1. 7

  2. 5

    I found the post vexing and the title mostly incorrect. Which is to say, not only can you have a rollback button, but you almost certainly must have a rollback button, and I have found this to be true and increasingly true over the last 27 years of my software development career. YMMV.

    It is true that skyliner.io can’t have a rollback button, because as the OP correctly points out, state will have mutated, and there’s no way for skyliner to find an automatic generic solution in the event of schema change, given arbitrary applications deployed on the platform.

    But it is also true that if you-the-application-owner have an application that is interesting, then you will want it to continue working after a failed deployment, rather than limping along or crashing to the floor until you are able to fix the problem and develop it forward and redeploy.

    The easiest way to do that is to design your application, or the changing part of your application at least, to be stateless. This of course is usually impossible, and so you have to roll up your sleeves and do the work.

    So then you have to manually implement an explicit rollout and rollback strategy. In Erlang, this is part of the culture and there is tooling. You describe the way your schema is changing, you describe the way to change it back, and you decide what process you want to follow to conform any ‘new schema’ data to the old schema. This could be as simple as throwing all the new data away, or as complex as implementing an arbitrary transform on the data.

    Then, you come up with a change management plan, which could be arbitrary complex, using dark deploys, canary deploys, whatever fits your use case, and a runbook, which tells you what to do in the event that there’s a failure necessitating rollback. You probably roll in and roll out a few times in dev, and ensure the tests are still passing before, during and after.

    Finally, you’re ready, and with your magic rollback button in place, you can deploy (relatively) fearlessly.

    Doing anything less than this on any exciting application is a recipe for total disaster and the community is not served by saying that such a thing is not possible. It’s annoying and it’s hard, and it’s frustrating, and it’s definitely not error free, and you cannot have it automatically unless you design for it in advance (with, e.g. a fully rewindable and replayable event bus upon which all commands are placed) or are truly stateless. But consider the alternative; you roll out, and you made a mistake and now all of your customers' data is being possibly incorrectly mutated and destroyed with every passing second, while your coders desperately try to rectify the situation under pressure and try to execute an ad hoc rollout plan.

    1. 4

      I found the post vexing because not everything is a web application where you can move fast and break things. For the “application” I work to be updated in production requires at least ten days notice to our customer (service level agreements between us and the Monopolistic Phone Company) which they can veto. Once we get past that hurdle, we can then do the upgrade and because our service runs as part of the phone network if there’s the slightest bit of problem, we roll back (which I’ve personally called when code I wrote didn’t handle a particular class of phone numbers correctly [1]). There is no “quick fix” where I work.

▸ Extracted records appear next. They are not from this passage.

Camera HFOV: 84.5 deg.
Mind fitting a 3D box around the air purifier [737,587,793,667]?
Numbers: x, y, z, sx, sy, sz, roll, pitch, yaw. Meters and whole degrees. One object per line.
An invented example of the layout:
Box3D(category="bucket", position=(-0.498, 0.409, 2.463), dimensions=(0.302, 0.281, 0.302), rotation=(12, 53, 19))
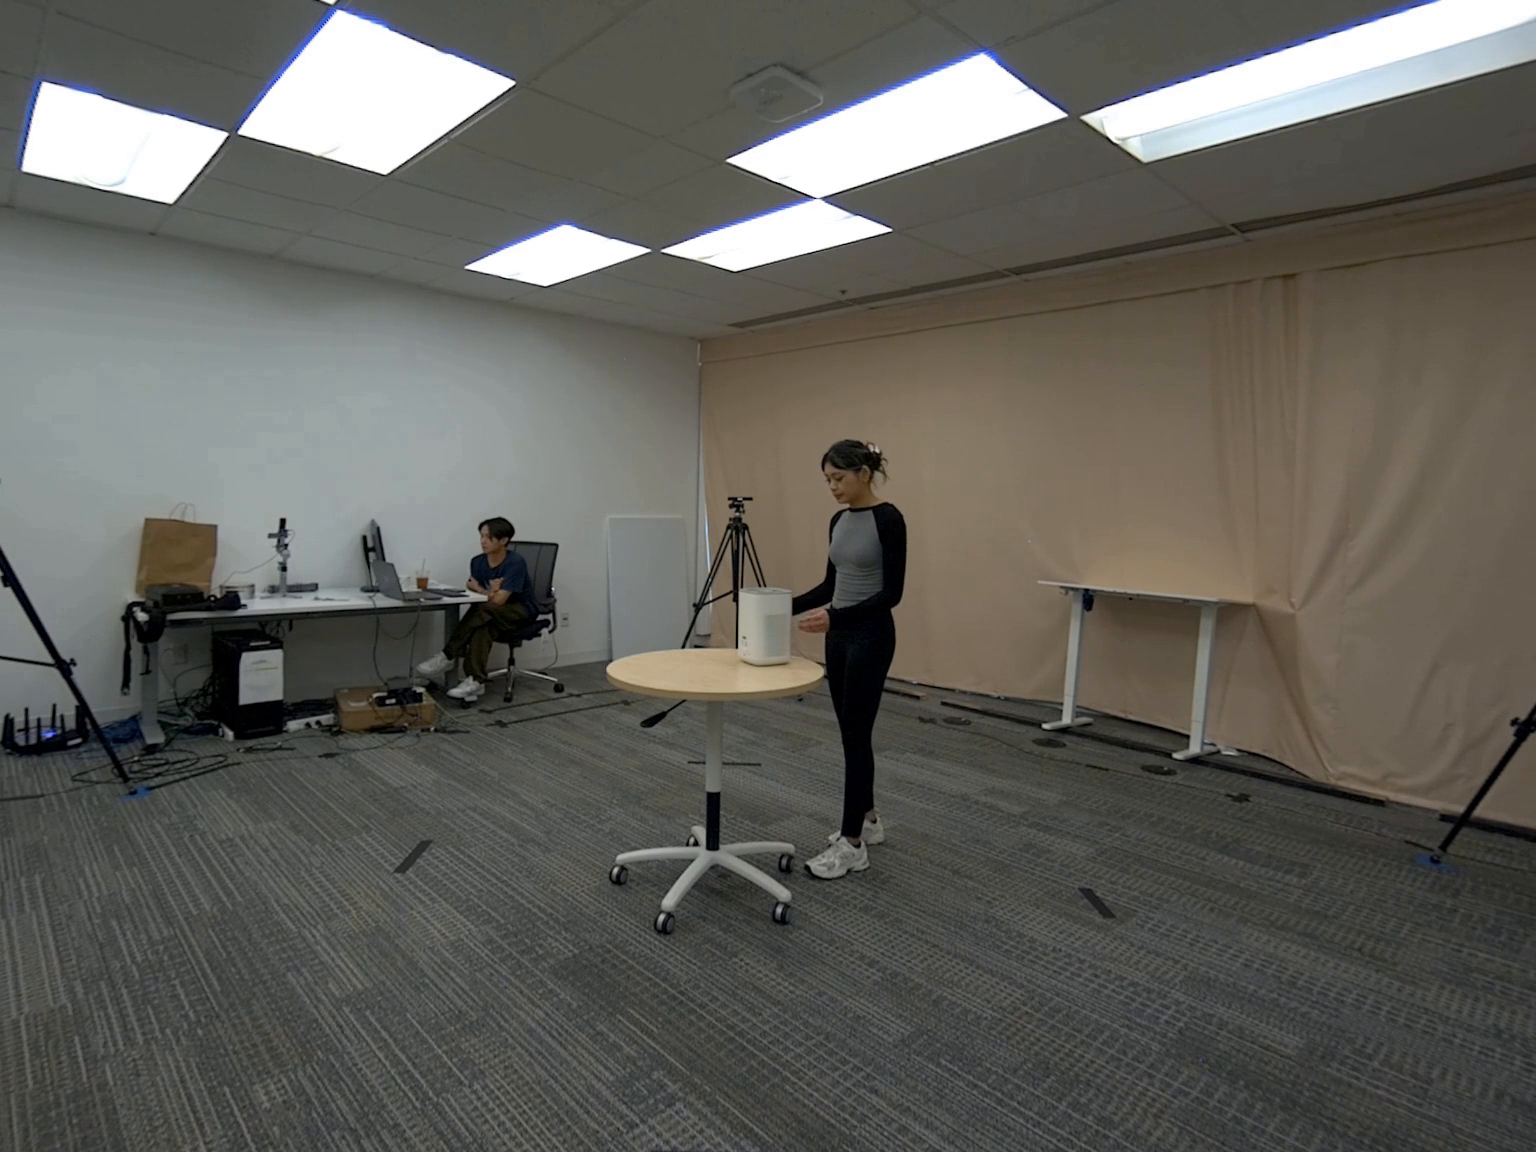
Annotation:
Box3D(category="air purifier", position=(-0.019, 0.183, 3.082), dimensions=(0.168, 0.265, 0.175), rotation=(-3, 3, -24))
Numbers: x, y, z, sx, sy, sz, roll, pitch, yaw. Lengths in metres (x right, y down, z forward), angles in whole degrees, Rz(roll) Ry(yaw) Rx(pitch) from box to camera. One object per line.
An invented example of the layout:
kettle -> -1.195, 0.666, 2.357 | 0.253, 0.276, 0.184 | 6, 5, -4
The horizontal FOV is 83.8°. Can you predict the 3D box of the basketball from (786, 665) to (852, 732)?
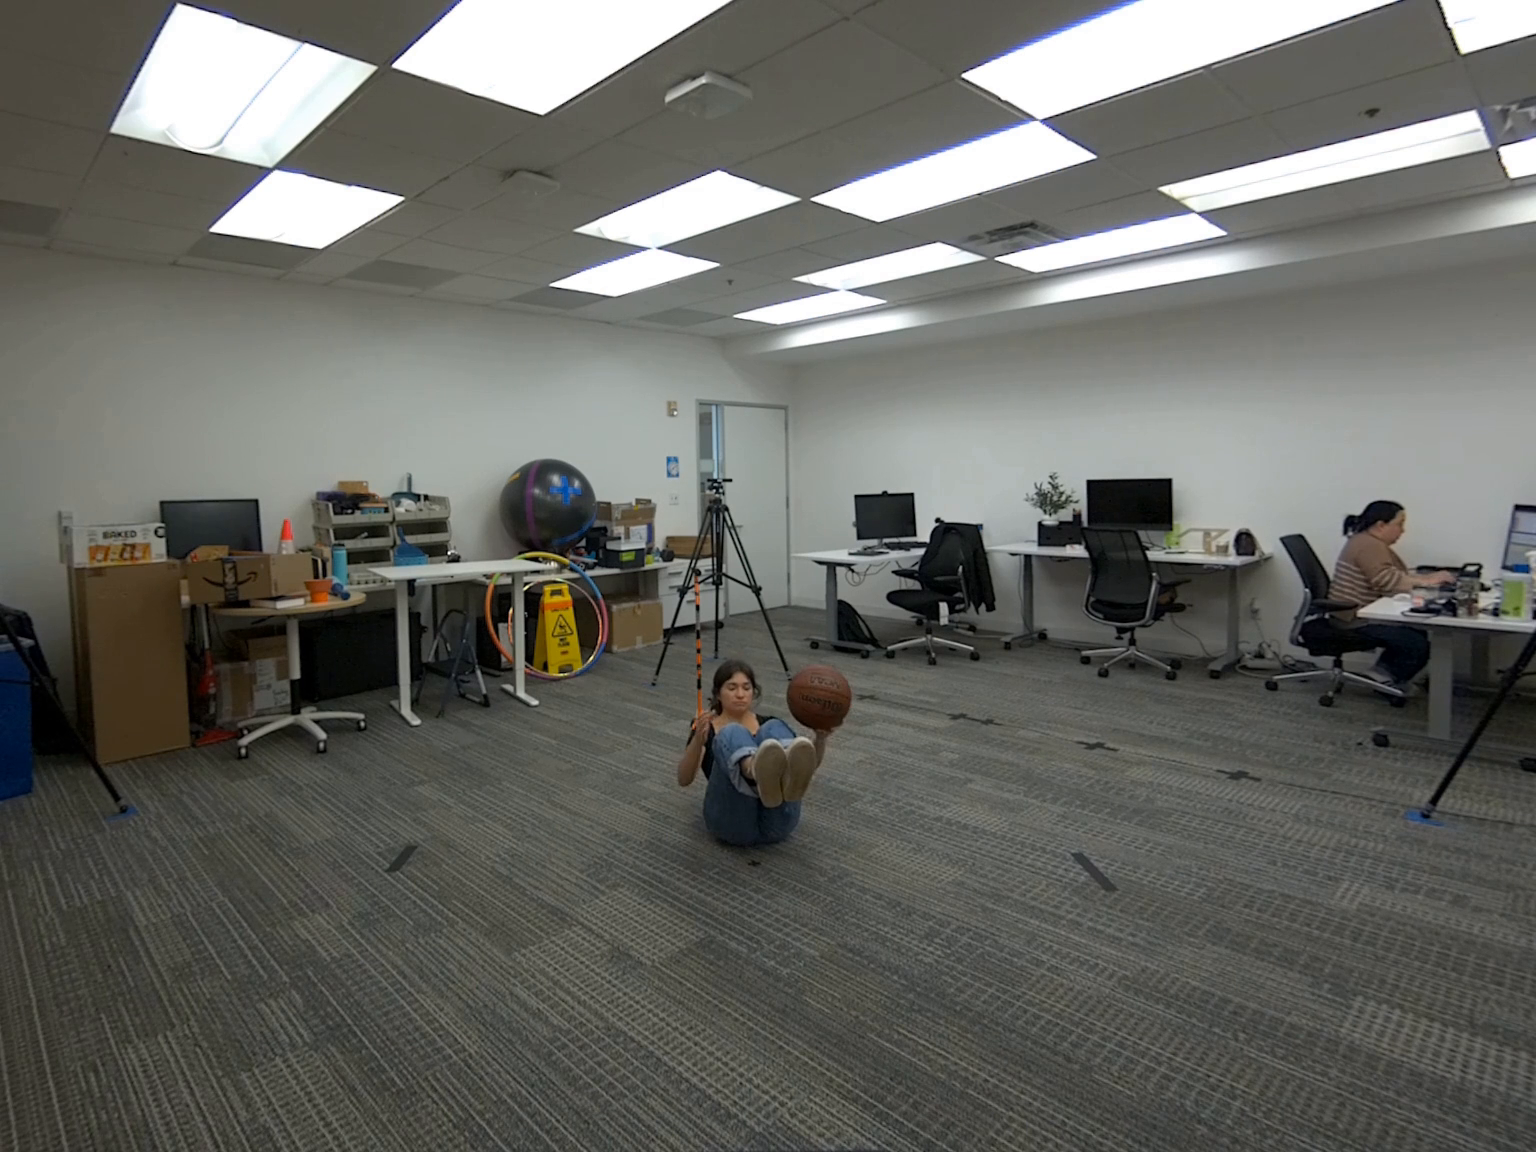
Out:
basketball -> 0.174, 0.460, 3.157 | 0.236, 0.235, 0.237 | -1, 5, -2
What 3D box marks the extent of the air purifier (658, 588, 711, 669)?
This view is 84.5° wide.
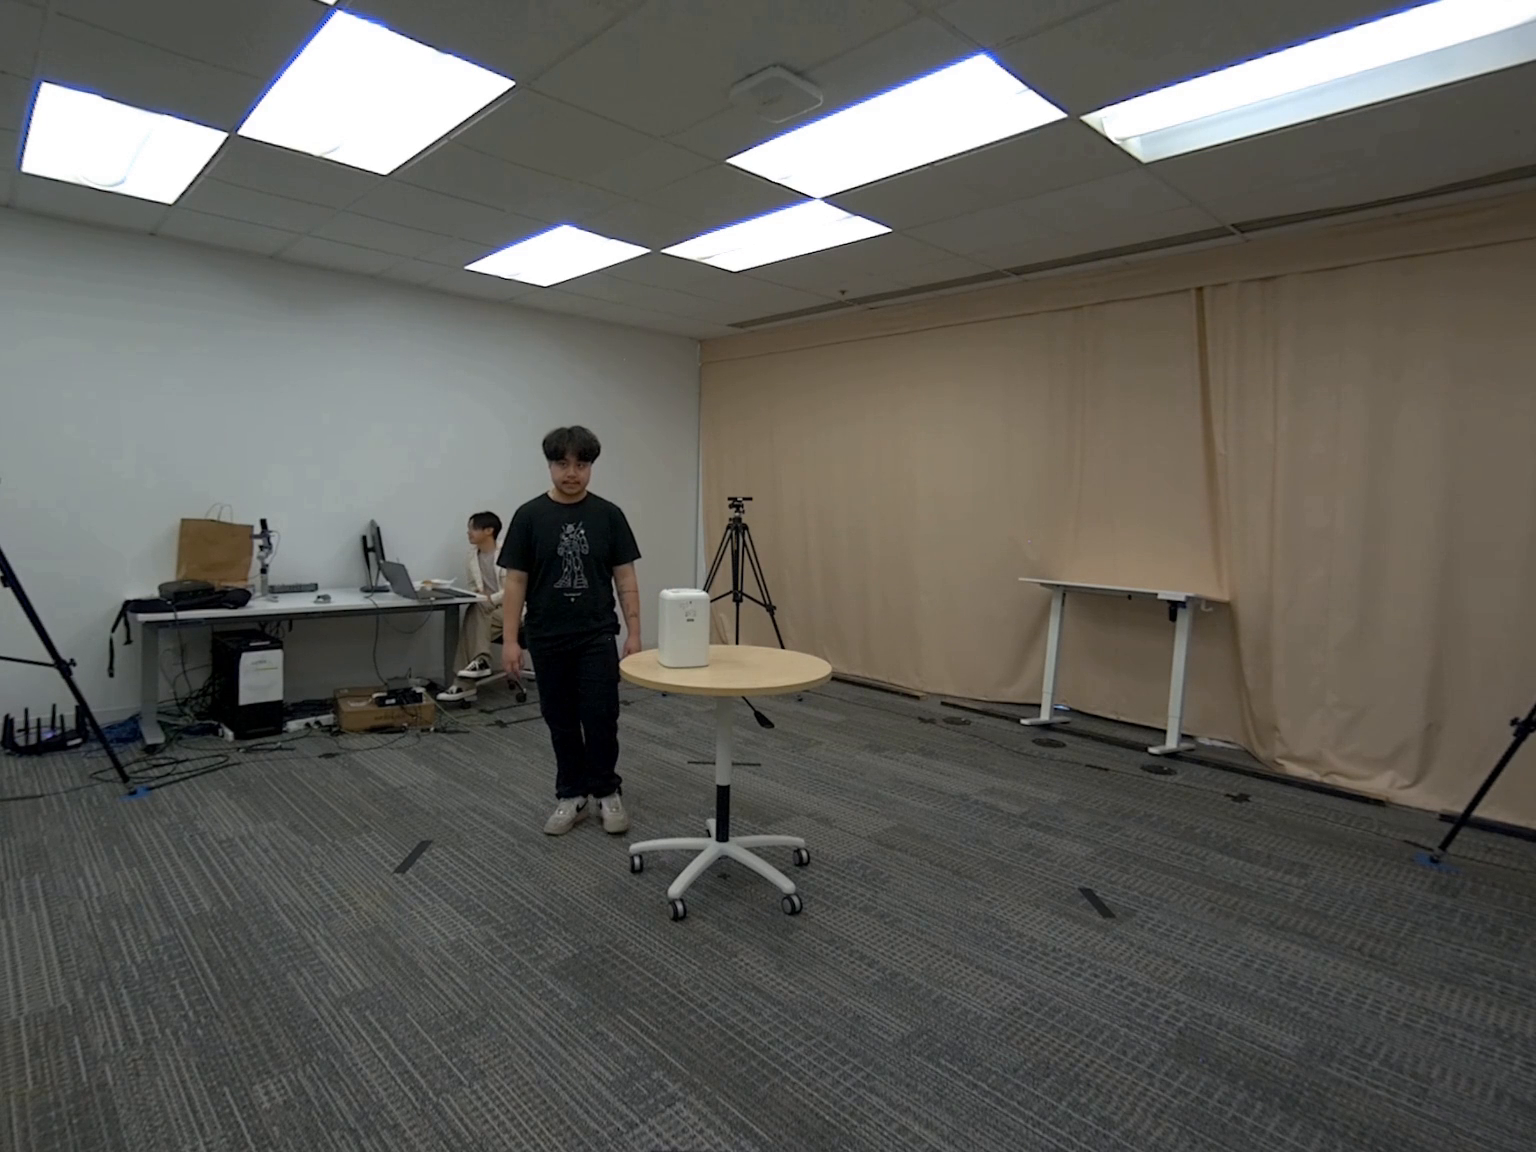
[{"bbox_3d":[-0.313,0.185,3.031,0.169,0.264,0.174,-2,5,-18],"label":"air purifier"}]

      [1] I was not told I would receive non-North American Numbering Plan numbers. I was not told I would receive total garbage numbers that couldn’t possibly be real phone numbers (like all zeros, or all ones, or 25 digits long).

      1. 3

        The fundamental problem with a rollback button is that it has very low information density: 1 bit. You can’t rollback the universe, so there’s some implicit scope associated with that button. For a simple, stateless web application, in the absence of data migrations, a rollback is a meaningful operation. However, for full-system deployments, it’s simply not meaningful without parameterization: What do you want to rollback?

        Once you parameterize rollback, you’ll discovered that there’s actually a number of reasonable choices, of which “revert to previous version” is only one option and not even a particularly common one outside of of the stateless use case. And when you do have a truly stateless system, you probably want more isolation anyway, in the form of independent versioning. Rather than rollback the entire application, can you rollback a single screen? Consider revisions of independent blog posts or wiki pages. That can be modeled by a “roll forward” by simply deploying a revert change. Or, you can just fix the bug or repair the faulted data and not “rollback” at all.

        The argument is basically: You can’t rewind time, but you can simulate it by performing a carefully selected and partial inverse operation. Or you can simply take an alternative corrective action.

        1. 2

          I would submit that the last thing you want when you are doing a rollout is an affordance with high information density. Ideally you have very limited choices and decisions to make, which may have arbitrary richness and complexity behind them but which you have pre-baked to be utterly simplistic.

          1. 3

            I think the article section titled “A sharp knife, whose handle is also a knife” covers what I’ve observed in practice quite well.

      2. 2

        I very much agree.

        This is also in the same vein as disaster recovery processes and procedures, insofar as it won’t be used often and therefore when broken won’t be noticed, until an emergency happens and you’re left stranded.

        1. 1

          Rollbacks are better thought of as rollforwards… to an old version. If I deploy code that breaks, I roll forward with code that works- which might be an old version of that code. If the old version of that code can’t deal with bad state in datastores, then my old code is also bad code, and I should feel bad about it.

          1. 1

            I’ve also heard the term negative diffs and a git revert is a positive increment with a negative diffs.